A story is a sequence of events linked causally, but told linearly. A wall of index cards represents causal flow pretty well, but it can fool you into thinking you're looking at a linear sequence of events, which you're not.

So the index cards got transcribed onto a three-column outline (the columns are plot, character, and a certain important maguffin's latest location, because trying to keep track of where it was, who knew it, and who knew they knew it was giving me hives). Once forced into linear order, these "beats" got numbered; then the beats that already existed in the first draft as full scenes got scissored out and taped together in the new order, with placeholder notes where new scenes have to be written (no computer cut-and-paste--it doesn't work as well for structure). The leftovers went into the trash, with a few set aside for reintegration along the way.

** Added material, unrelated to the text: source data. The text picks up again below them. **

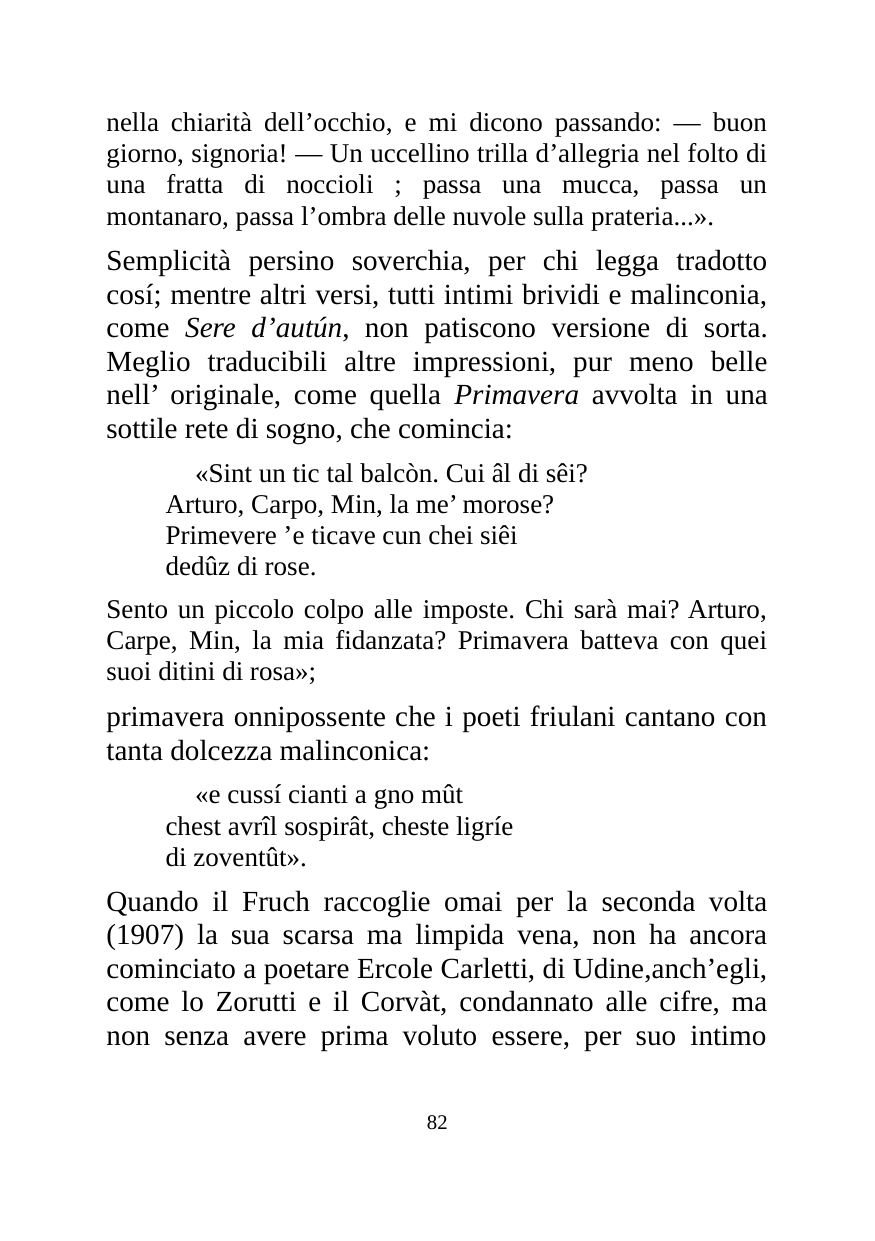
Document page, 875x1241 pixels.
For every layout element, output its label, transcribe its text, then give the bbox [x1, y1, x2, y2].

text Sento un piccolo colpo alle imposte. Chi sarà mai? Arturo, Carpe, Min, la mia fidanzata? Primavera batteva con quei suoi ditini di rosa»; [106, 593, 768, 687]
text Quando il Fruch raccoglie omai per la seconda volta (1907) la sua scarsa ma limpida vena, non ha ancora cominciato a poetare Ercole Carletti, di Udine,anch’egli, come lo Zorutti e il Corvàt, condannato alle cifre, ma non senza avere prima voluto essere, per suo intimo [106, 884, 768, 1051]
text «e cussí cianti a gno mût chest avrîl sospirât, cheste ligríe di zoventût». [165, 778, 709, 872]
text primavera onnipossente che i poeti friulani cantano con tanta dolcezza malinconica: [106, 699, 768, 766]
text «Sint un tic tal balcòn. Cui âl di sêi? Arturo, Carpo, Min, la me’ morose? Primevere ’e ticave cun chei siêi dedûz di rose. [165, 457, 709, 581]
text Semplicità persino soverchia, per chi legga tradotto cosí; mentre altri versi, tutti intimi brividi e malinconia, come Sere d’autún, non patiscono versione di sorta. Meglio traducibili altre impressioni, pur meno belle nell’ originale, come quella Primavera avvolta in una sottile rete di sogno, che comincia: [106, 243, 768, 444]
text nella chiarità dell’occhio, e mi dicono passando: — buon giorno, signoria! — Un uccellino trilla d’allegria nel folto di una fratta di noccioli ; passa una mucca, passa un montanaro, passa l’ombra delle nuvole sulla prateria...». [106, 106, 768, 231]
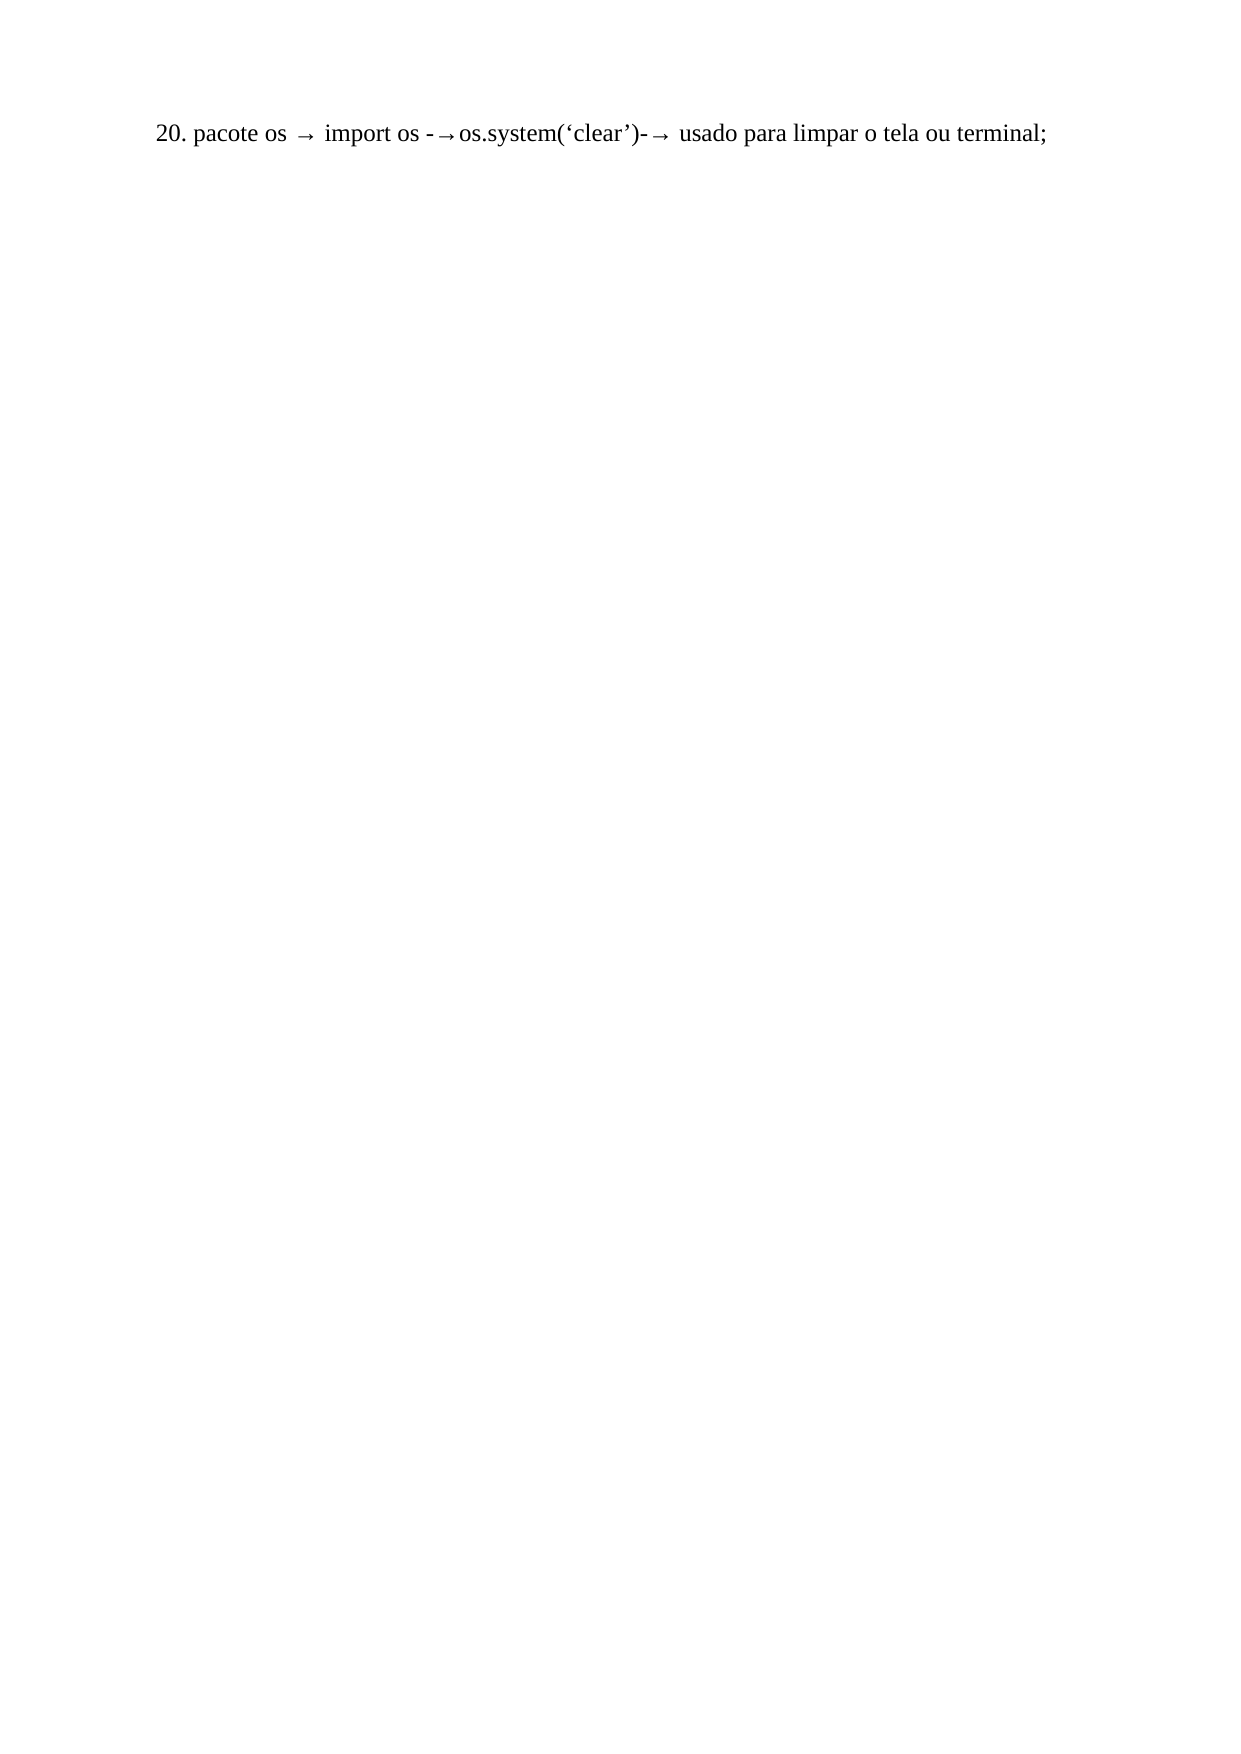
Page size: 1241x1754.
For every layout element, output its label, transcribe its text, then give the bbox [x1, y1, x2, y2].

list pacote os → import os -→os.system(‘clear’)-→ usado para limpar o tela ou terminal; [156, 118, 1122, 147]

Then the three-column outline, itself, got Xeroxed, cut into its individual beats, and attached to the corresponding scenes. The result: A stumbling Frankenstein of a script, ugly but functional, with structure intention notes taped to every limb and organ.

Fire...good!

This went next to the laptop, and I started typing it over in a fresh Final Draft document. Again, no cut-and-paste; strictly re-keying from scratch, a technique I learned from Michael Seidman that turned out to be necessary for the success of the last third of THE NIGHT MEN.

I'm now on page 11 of the rewrite, and this is working. The scissor-and-tape version is 80% of the first draft's length, it makes more sense, it's more focused, and all the best parts are still there.

A lot of writers resist killing their darlings. The more darlings I can back against a wall and slaughter, the happier I am. The hard part is figuring out where to put the wall.